И я только посмотрел на нахальную физиономию.
Вокруг стояли люди. Они наблюдали за мной. Они ждали, что я скажу. Или сделаю. А меня почему-то не смущали их взгляды. Они даже не были мне противны. Я ничего не ощущал, кроме досады и отупения, и отупение было сильнее. Я стоял, смотрел на него и ждал, как ждешь боли после удара. Если бы боль появилась, я бы врезал ему. Но боли не было – было только отупение. Тогда я повернулся и пошел прочь. Меня не смущали глаза, смотревшие мне в спину, и даже чей-то смешок, правда, очень короткий, – ведь мы были на похоронах. Я шел по улице, ощущая отупение и досаду. Но вызвала их не стычка в воротах. Они появились раньше. Я шел по набережной к дому Стентонов. Я не рассчитывал, что Анна сейчас меня примет; я просто хотел ей сказать, что пробуду в здешней гостинице до вечера. В том случае, конечно, если ничего не случится с Хозяином.
Но, придя к Стентонам, я узнал, что Анна при всем желании не могла бы меня принять. Кети Мейнард и сестра милосердия уже не были лишними. Потому что, вернувшись домой, Анна прошла в гостиную, остановилась в дверях, медленно обвела взглядом комнату – рояль, картину над камином, всю обстановку, – так, как оглядывает комнату женщина, решив заново ее отделать и переставить мебель (я воспроизвожу рассказ Кети Мейнард), а потом просто упала. Она даже не схватилась за косяк, не пошатнулась, не издала ни звука, рассказывала Кети Мейнард. Теперь, когда все кончилось, она просто потеряла сознание.
Поэтому, когда я туда пришел, сестра ухаживала наверху за Анной, а Кети Мейнард вызывала врача и распоряжалась по дому. Оставаться в городе не имело смысла. Я сел в машину и уехал в столицу.
Но вот и Хозяин умер, и я вернулся в Лендинг. Мать со своим Теодором отправилась путешествовать, и дом был в моем распоряжении. В доме было пусто и тихо, как в морге. Но даже так он был веселее кладбищ и больниц, из которых я последнее время не вылезал. То, что умерло в доме, умерло давно, и я с этим свыкся. Я даже начал свыкаться с другими смертями. В земле уже лежали и судья Ирвин, и Адам Стентон, и Хозяин.
Но кое-кто из нас еще был жив. И в том числе – Анна Стентон. И я.
И вот, вернувшись в Лендинг, мы сидели рядом на веранде, когда светило солнце – бледно-лимонное солнце поздней осени, катившееся по укороченной дуге над полосатой, как оникс, водой залива, который сливался на юге с дымчатым осенним небом. Или, когда солнца не было и ветер наваливал волны на берег почти к дороге, а в небе не оставалось ничего, кроме косого дождя, мы сидели рядом в гостиной. Разговаривали мы мало – не потому, что не было темы для разговора, а потому, наверное, что она была слишком огромна и всякое слово могло нарушить прекрасное, но неустойчивое равновесие, которого нам удалось достичь. Мы как будто сидели на концах ненадежно уравновешенной доски, но под нами была не чистенькая детская площадка, а бог знает какая бездна, над которой Бог соорудил для нас, малышей, качели. И если один из нас подастся к другому, пусть хоть на долю дюйма, равновесие нарушится и мы соскользнем в эту бездну. Но мы обманули Бога, мы не обменялись ни словом.

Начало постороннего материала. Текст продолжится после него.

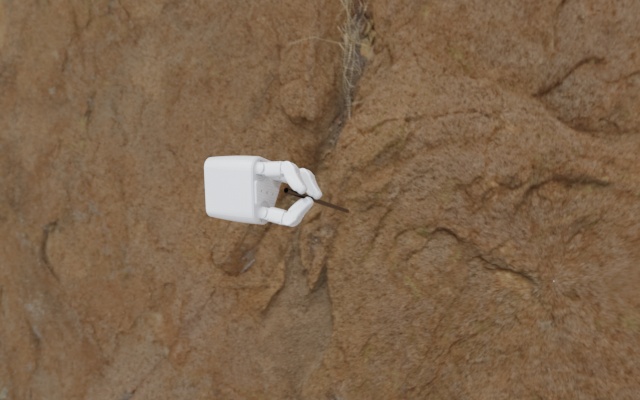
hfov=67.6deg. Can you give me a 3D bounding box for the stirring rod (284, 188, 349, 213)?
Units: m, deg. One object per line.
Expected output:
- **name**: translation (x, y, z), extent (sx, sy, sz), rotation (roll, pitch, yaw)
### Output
- **stirring rod**: translation (0.000, 0.003, 0.826), extent (0.011, 0.011, 0.239), rotation (0, -9, 26)
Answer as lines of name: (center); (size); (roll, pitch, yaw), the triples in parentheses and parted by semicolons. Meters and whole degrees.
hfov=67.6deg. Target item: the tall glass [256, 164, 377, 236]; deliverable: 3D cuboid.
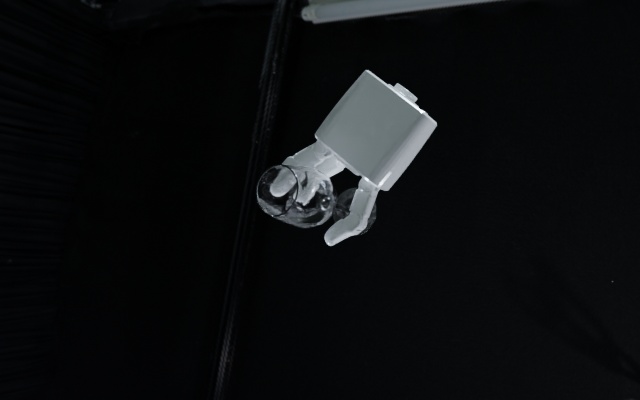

Мы не произносили ни слова, но иногда я читал Анне вслух. Я читал книгу – первую попавшуюся на глаза в тот день, когда я почувствовал, что больше не могу выносить эту тишину, которая пучилась и трещала от всех невысказанных слов. А попался мне первый том сочинений Энтони Троллопа. Чтение вполне безопасное. Энтони никогда не нарушает никаких равновесий.

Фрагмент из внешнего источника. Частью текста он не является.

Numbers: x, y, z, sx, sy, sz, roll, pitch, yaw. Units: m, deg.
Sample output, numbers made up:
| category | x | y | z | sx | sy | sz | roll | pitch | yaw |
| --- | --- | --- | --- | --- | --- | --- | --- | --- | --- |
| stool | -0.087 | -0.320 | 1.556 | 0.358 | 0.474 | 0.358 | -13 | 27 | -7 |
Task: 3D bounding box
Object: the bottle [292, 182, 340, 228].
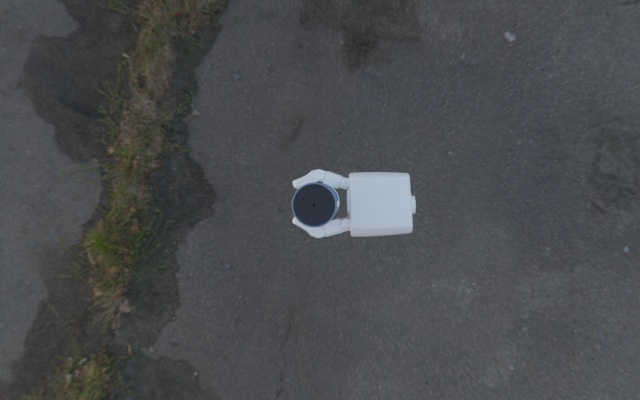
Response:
| category | x | y | z | sx | sy | sz | roll | pitch | yaw |
| --- | --- | --- | --- | --- | --- | --- | --- | --- | --- |
| bottle | 0.000 | 0.003 | 0.842 | 0.069 | 0.069 | 0.295 | 0 | 1 | 4 |

Эти осенние дни странным образом напоминали мне то время, почти двадцать лет назад, когда я влюбился в Анну. В то лето мы были совсем одни, даже среди людей, – единственные обитатели летучего острова или ковра-самолета, который представляет собой любовь. И теперь мы были совсем одни – но на летучем острове или ковре-самолете другого рода. В то лето нас будто захватил могучий поток, и, хотя он верно нес нас к счастью, мы не в силах были ускорить его бег, потому что он сам знал свои сроки. И теперь нас будто захватил поток, и мы были бессильны перед его неудержимым бегом, потому что он сам знал свои сроки. Но куда он нас нес, мы не знали. Я даже не задавался таким вопросом.

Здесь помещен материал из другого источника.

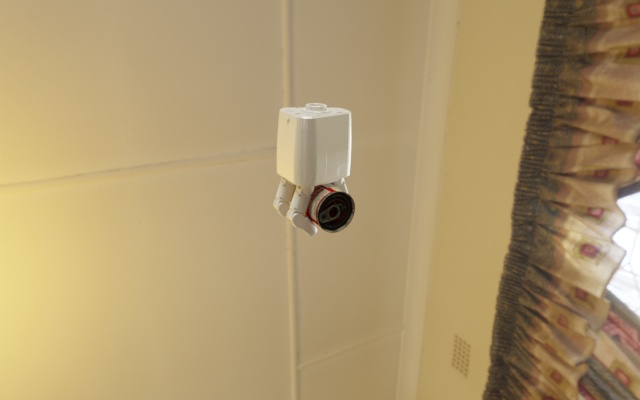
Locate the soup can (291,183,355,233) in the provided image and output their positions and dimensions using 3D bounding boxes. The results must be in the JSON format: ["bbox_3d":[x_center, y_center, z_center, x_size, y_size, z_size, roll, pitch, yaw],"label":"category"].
[{"bbox_3d":[0.000,0.003,0.773,0.068,0.068,0.102,0,18,-31],"label":"soup can"}]

Однако время от времени я задавал себе другой вопрос. То сидя рядом с Анной, когда мы молчали или я читал ей книгу, то в одиночестве – за завтраком, гуляя по набережной, в постели. Это был вопрос без ответа. Когда Анна описывала мне свою последнюю страшную встречу с Адамом, как он ворвался к ней в квартиру и кричал, что не будет сутенером, она обмолвилась, что Адаму позвонил какой-то человек и рассказал про нее и губернатора Старка.
Кто?
В первые дни после катастрофы я совсем об этом забыл, но позднее вспомнил. И все же этот вопрос сначала не казался мне важным. Ибо тогда за общей досадой и отупением ничто не казалось мне важным. Вернее, то, что казалось мне важным, не имело никакого отношения к этому вопросу. Важным было то, что произошло, а не причина происшедшего – если только я мог не считать себя причиной.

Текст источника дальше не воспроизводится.